Segment Start: AVAILABLE DATA

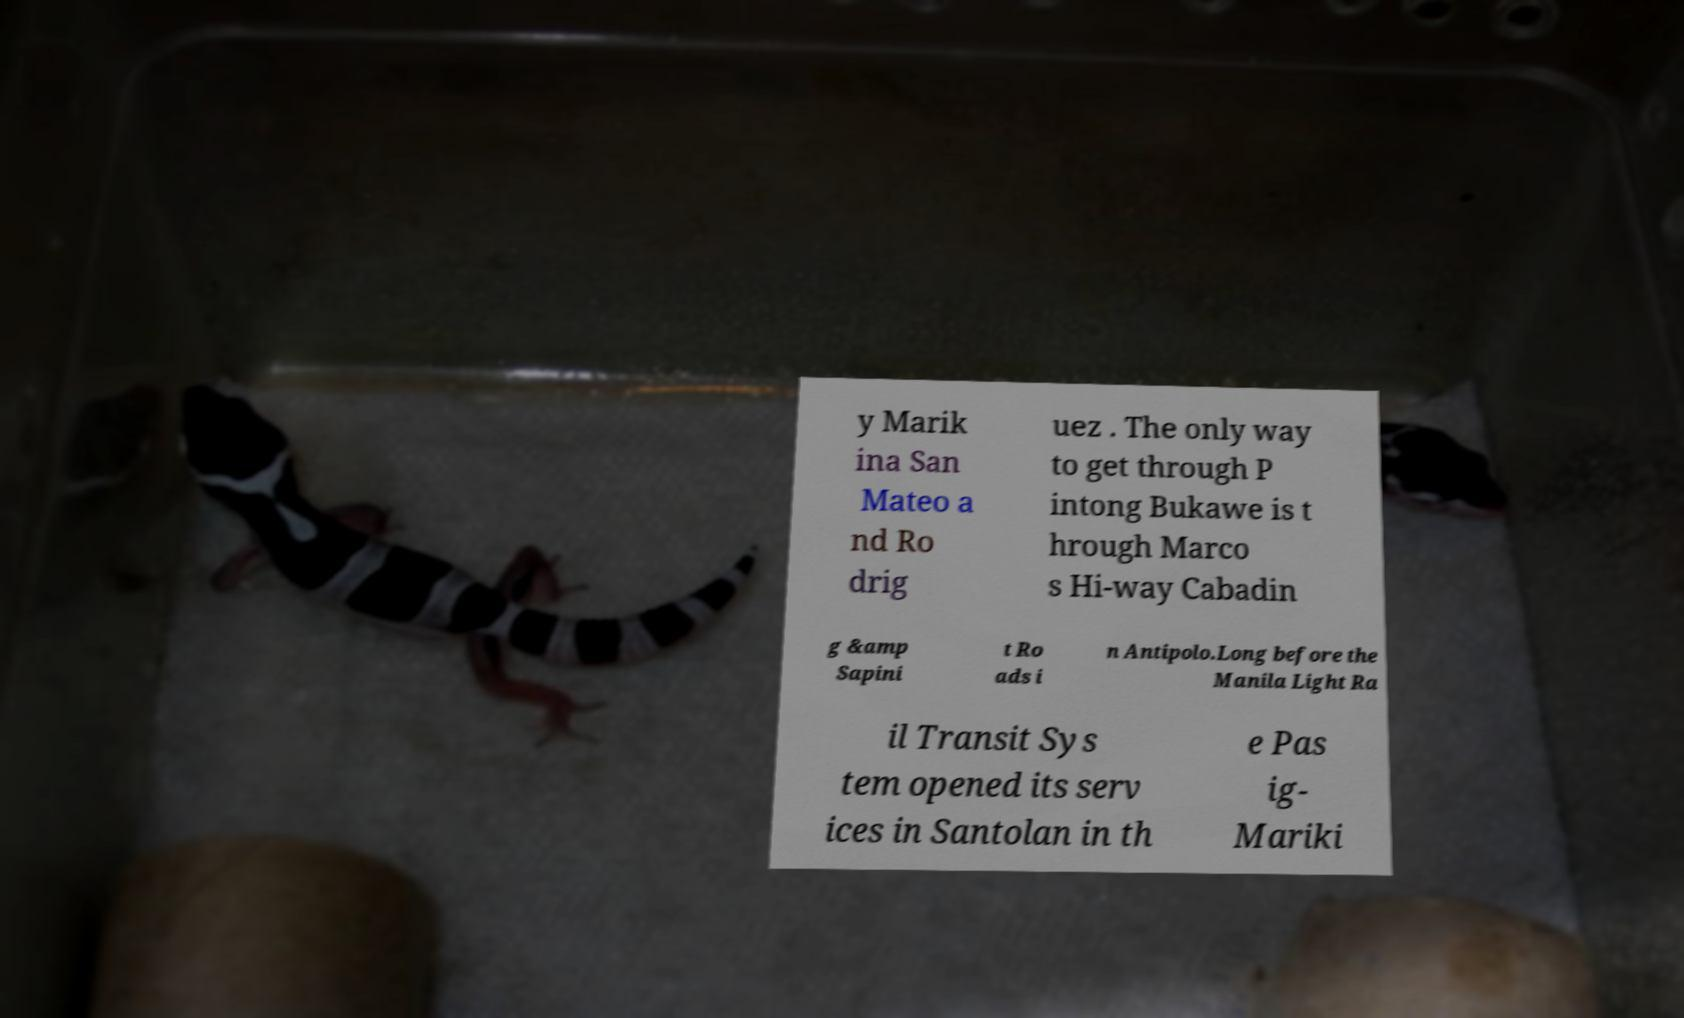Please read and relay the text visible in this image. What does it say? y Marik ina San Mateo a nd Ro drig uez . The only way to get through P intong Bukawe is t hrough Marco s Hi-way Cabadin g &amp Sapini t Ro ads i n Antipolo.Long before the Manila Light Ra il Transit Sys tem opened its serv ices in Santolan in th e Pas ig- Mariki 
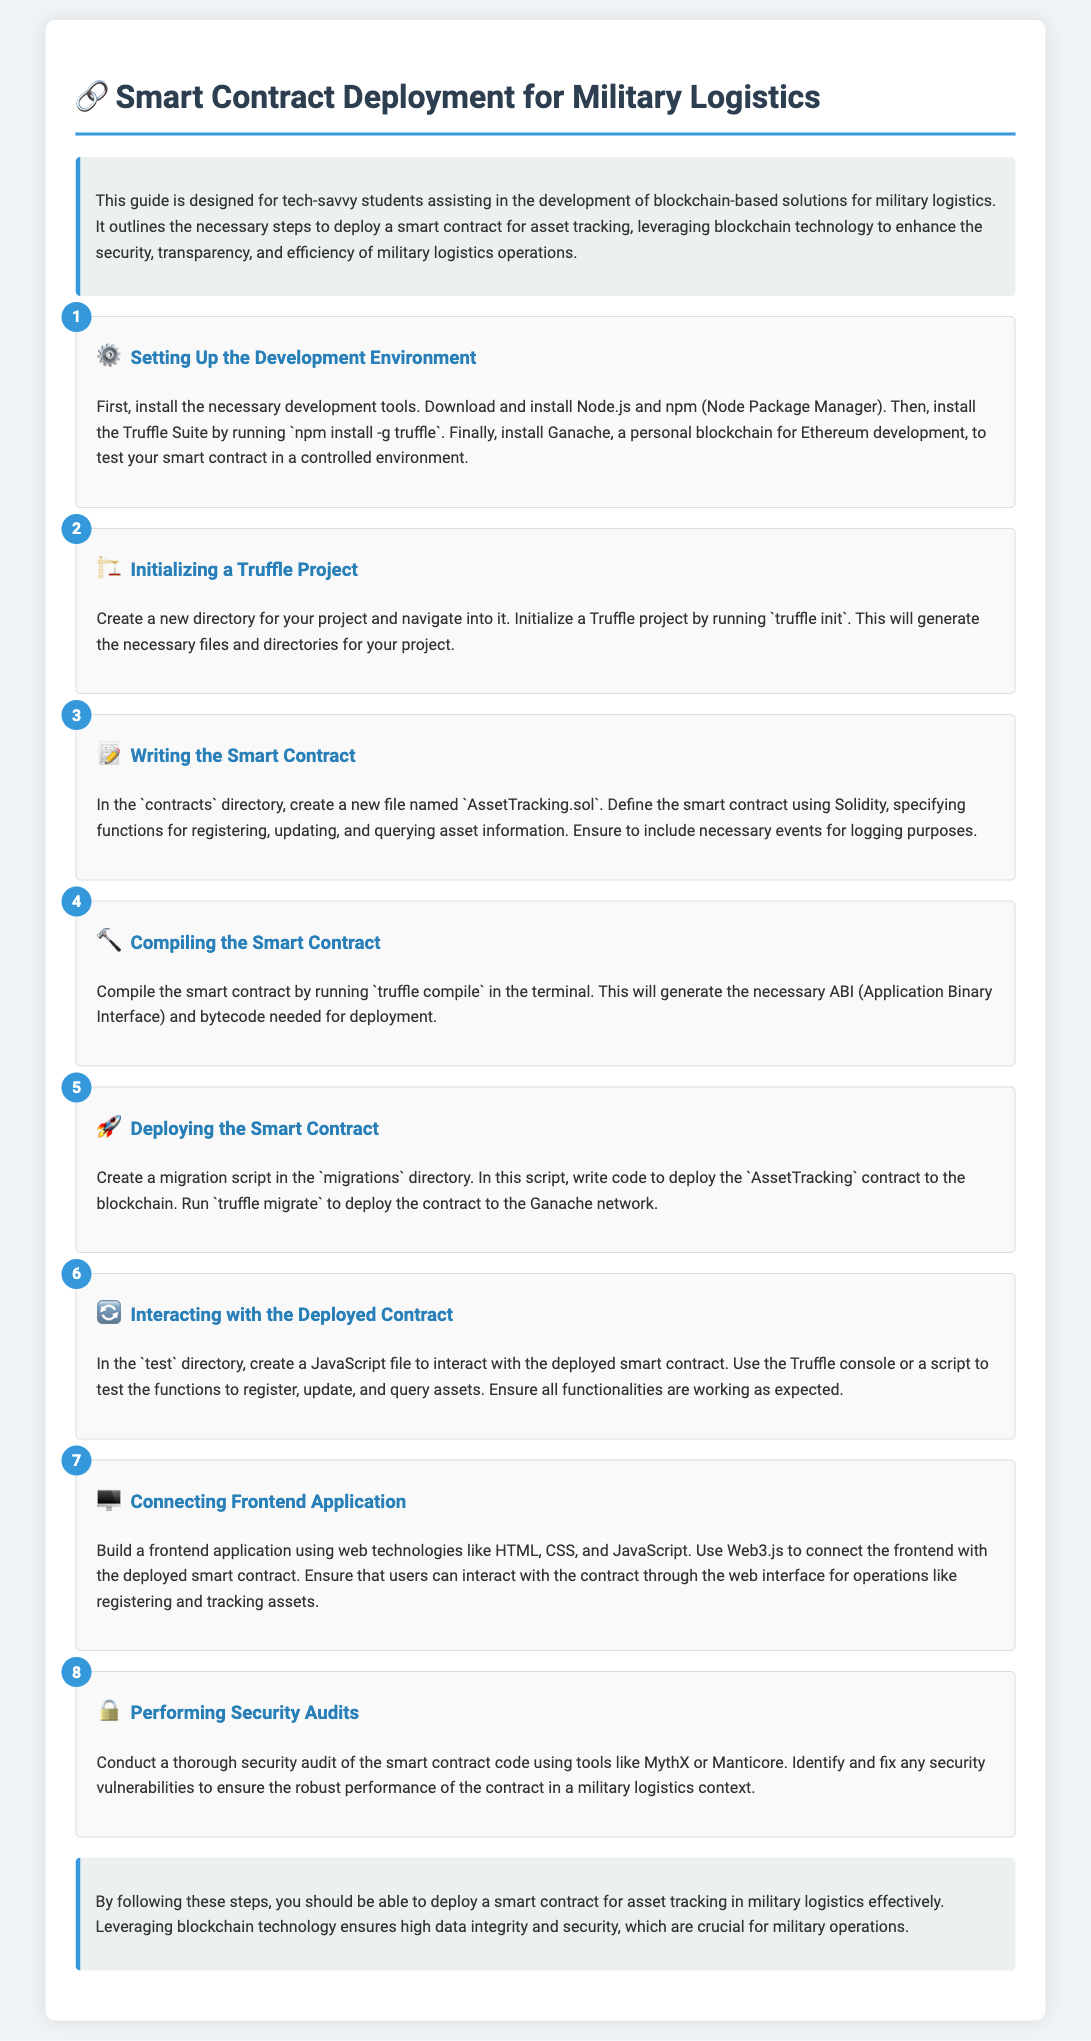What is the title of the document? The title is prominently displayed at the top of the document, clearly indicating the focus on smart contract deployment for military logistics.
Answer: Smart Contract Deployment for Military Logistics How many steps are listed in the deployment instructions? The document enumerates the steps under the 'steps' section, providing a clear count of the steps involved.
Answer: Eight What tool should be installed to compile the smart contract? The document specifies the necessary tools for the development environment, including the tool for compiling contracts.
Answer: Truffle Suite What is the first step in the deployment process? The first step is outlined in the document, specifically detailing the initial setup required for development.
Answer: Setting Up the Development Environment Which JavaScript library is mentioned for connecting the frontend application? The document indicates the specific library utilized for the frontend connection, pertinent to interacting with the deployed smart contract.
Answer: Web3.js What is suggested for conducting security audits? The document provides recommendations for tools that can be used for security audits of the smart contract code.
Answer: MythX or Manticore Where should the smart contract be written? The document indicates the specific directory within which the smart contract code should be created.
Answer: contracts directory What is the purpose of the 'truffle migrate' command? The document explains the command's function in deploying the written smart contract to the blockchain.
Answer: Deploying the Smart Contract 
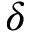<formula> <loc_0><loc_0><loc_500><loc_500>\delta</formula>

Segment End: AVAILABLE DATA

*PROBLEM TO WORK ON*.
From the records above, copy each line where the word "written" can be found.

*YOUR RESPONSE*.
Answer: MythX or Manticore Where should the smart contract be written? The document indicates the specific directory within which the smart contract code should be created.
Answer: contracts directory What is the purpose of the 'truffle migrate' command? The document explains the command's function in deploying the written smart contract to the blockchain.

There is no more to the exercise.